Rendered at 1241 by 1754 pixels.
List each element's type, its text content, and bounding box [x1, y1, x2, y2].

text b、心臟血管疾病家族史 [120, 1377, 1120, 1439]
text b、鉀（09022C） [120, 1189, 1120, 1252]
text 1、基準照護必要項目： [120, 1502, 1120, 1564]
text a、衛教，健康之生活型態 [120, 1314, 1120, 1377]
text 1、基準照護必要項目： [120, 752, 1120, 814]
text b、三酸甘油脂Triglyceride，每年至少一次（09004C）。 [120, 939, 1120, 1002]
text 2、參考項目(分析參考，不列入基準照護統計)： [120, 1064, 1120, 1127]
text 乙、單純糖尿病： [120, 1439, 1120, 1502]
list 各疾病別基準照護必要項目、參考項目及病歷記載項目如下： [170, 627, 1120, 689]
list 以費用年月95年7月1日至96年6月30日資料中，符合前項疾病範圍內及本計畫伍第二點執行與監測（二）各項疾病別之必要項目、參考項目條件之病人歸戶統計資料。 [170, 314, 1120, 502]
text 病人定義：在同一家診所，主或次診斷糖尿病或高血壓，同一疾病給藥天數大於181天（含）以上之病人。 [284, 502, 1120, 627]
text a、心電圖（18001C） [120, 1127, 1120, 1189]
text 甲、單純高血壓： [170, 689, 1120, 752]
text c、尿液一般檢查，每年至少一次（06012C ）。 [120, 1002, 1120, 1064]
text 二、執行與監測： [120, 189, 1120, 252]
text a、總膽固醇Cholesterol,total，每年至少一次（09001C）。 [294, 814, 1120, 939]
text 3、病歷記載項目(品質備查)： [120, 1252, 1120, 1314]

::::::

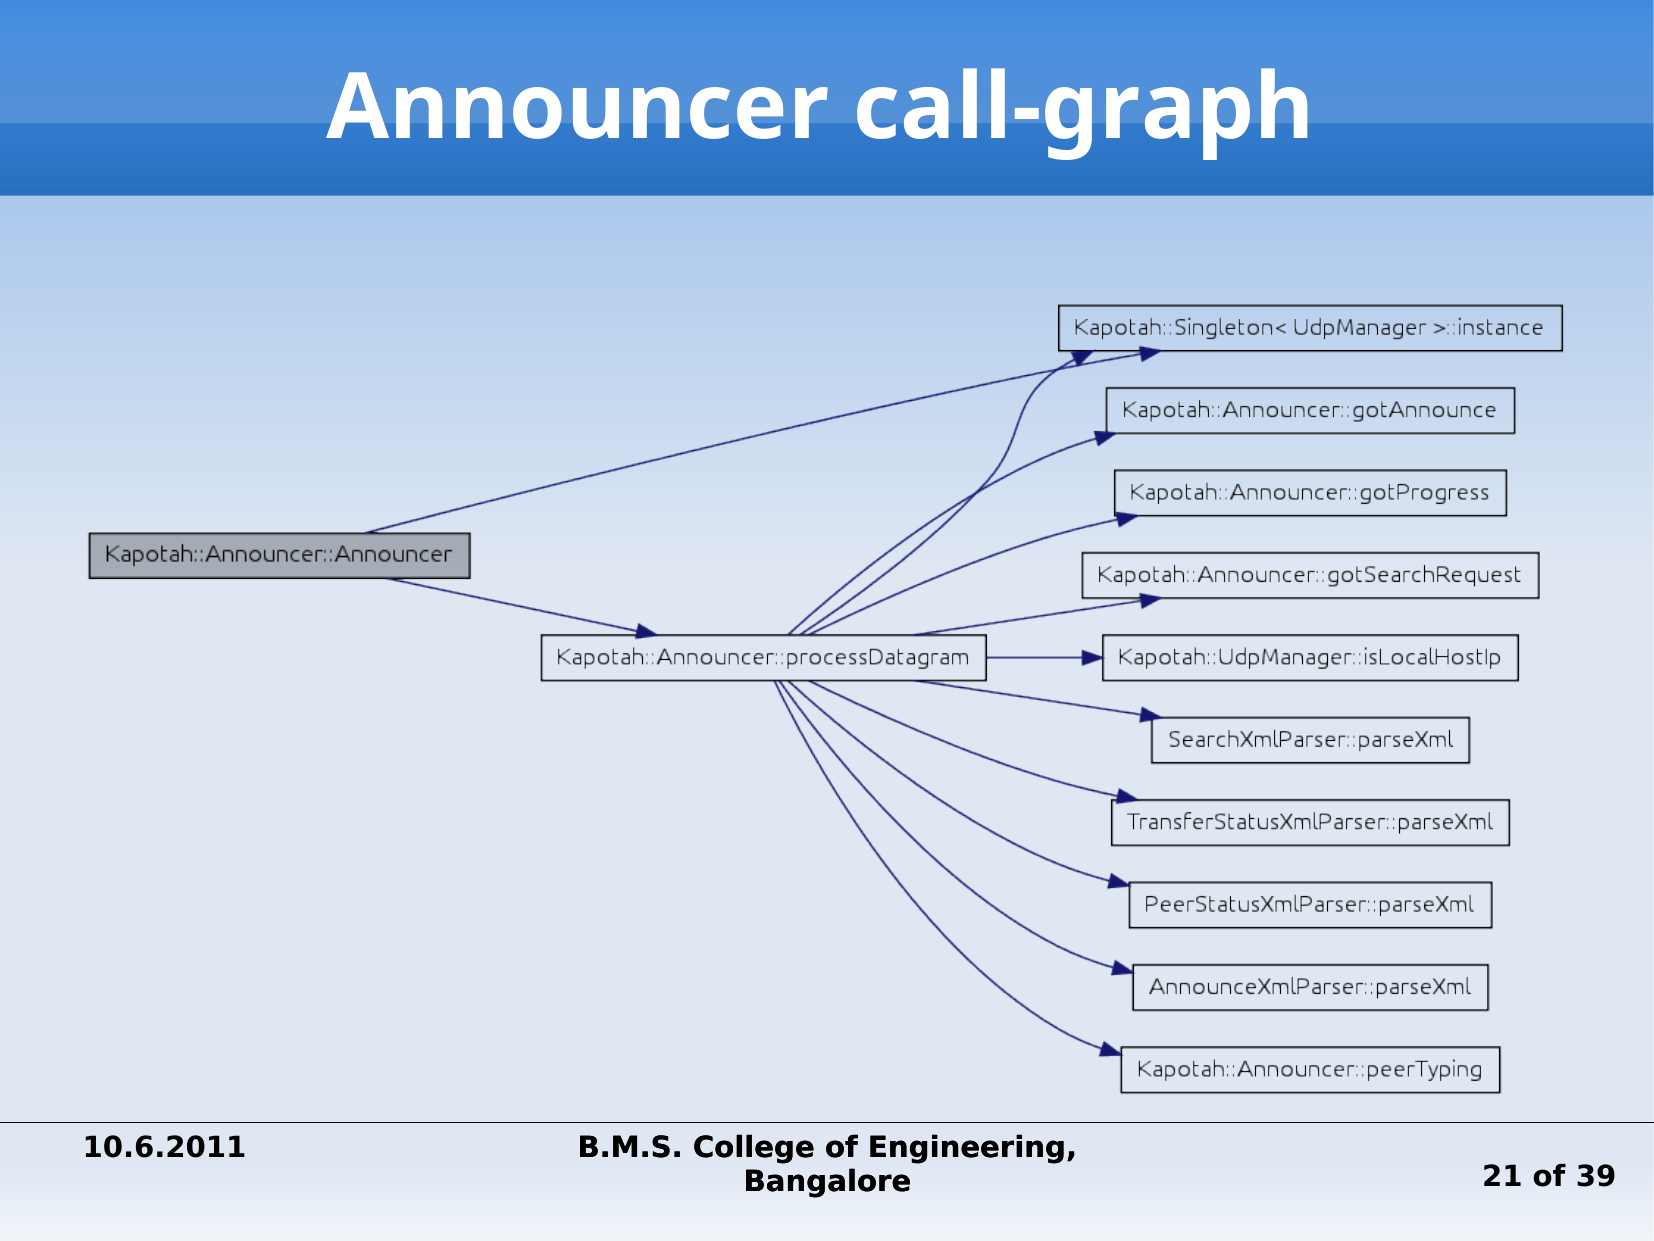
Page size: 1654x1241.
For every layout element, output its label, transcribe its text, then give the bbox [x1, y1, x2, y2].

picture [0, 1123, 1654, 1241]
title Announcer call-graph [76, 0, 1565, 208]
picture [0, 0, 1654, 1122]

::::::

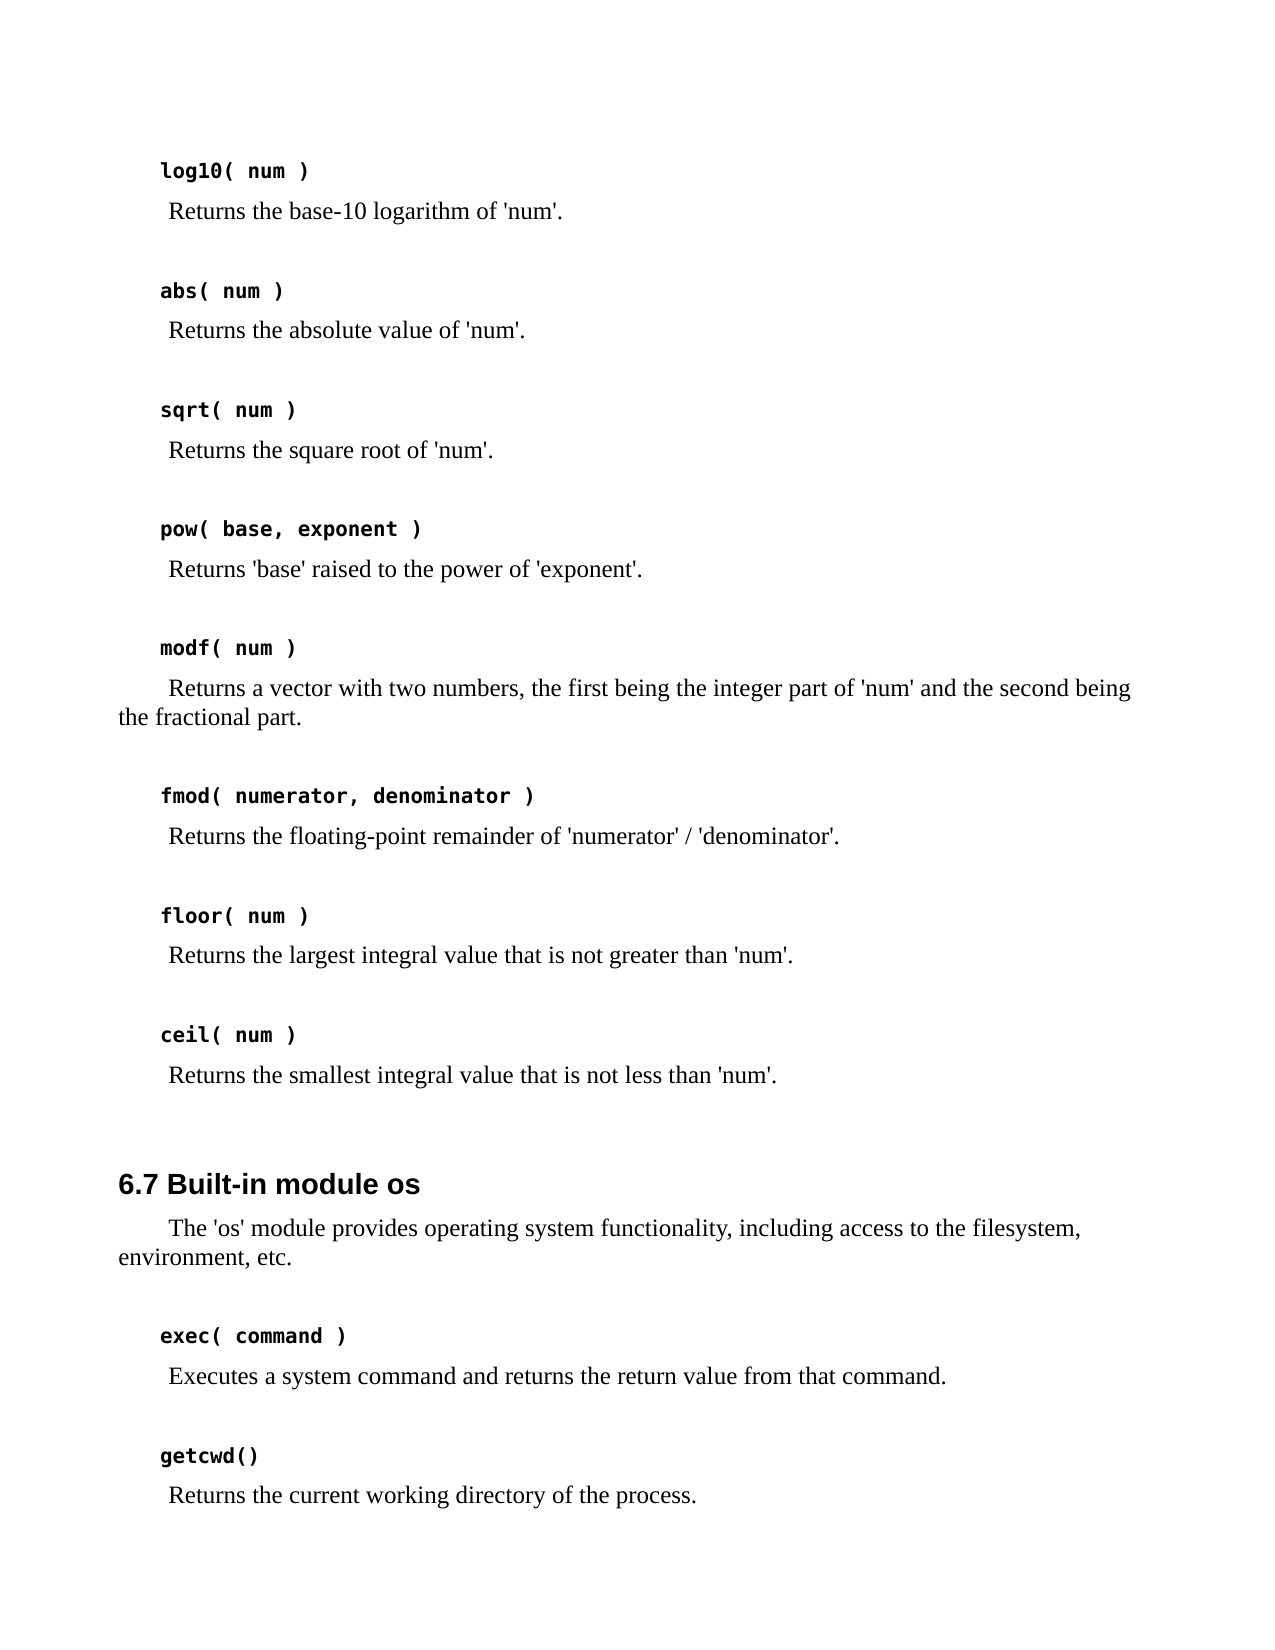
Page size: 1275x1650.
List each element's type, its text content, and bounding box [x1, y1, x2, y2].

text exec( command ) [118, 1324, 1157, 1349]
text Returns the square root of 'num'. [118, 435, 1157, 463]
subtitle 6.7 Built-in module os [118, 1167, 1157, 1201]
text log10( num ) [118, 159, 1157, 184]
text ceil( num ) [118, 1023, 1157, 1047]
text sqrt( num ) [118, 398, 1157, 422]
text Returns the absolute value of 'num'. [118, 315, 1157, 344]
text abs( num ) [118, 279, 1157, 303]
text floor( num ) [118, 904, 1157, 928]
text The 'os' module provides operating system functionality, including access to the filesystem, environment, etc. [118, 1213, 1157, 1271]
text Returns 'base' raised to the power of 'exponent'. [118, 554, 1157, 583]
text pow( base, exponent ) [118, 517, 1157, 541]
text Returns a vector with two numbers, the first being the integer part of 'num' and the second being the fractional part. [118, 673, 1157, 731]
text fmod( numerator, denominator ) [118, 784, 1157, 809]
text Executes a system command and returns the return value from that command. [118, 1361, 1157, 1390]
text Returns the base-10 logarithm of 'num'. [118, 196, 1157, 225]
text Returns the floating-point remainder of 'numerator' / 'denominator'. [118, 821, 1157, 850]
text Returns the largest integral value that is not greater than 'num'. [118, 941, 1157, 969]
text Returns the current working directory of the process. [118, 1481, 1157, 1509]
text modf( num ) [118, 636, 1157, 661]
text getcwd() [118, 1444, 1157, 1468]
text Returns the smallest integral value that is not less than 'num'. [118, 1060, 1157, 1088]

::::::

» How to complete this task
Go through the records, tally the lines holding the word "size", and give only the tally.

» Result below
2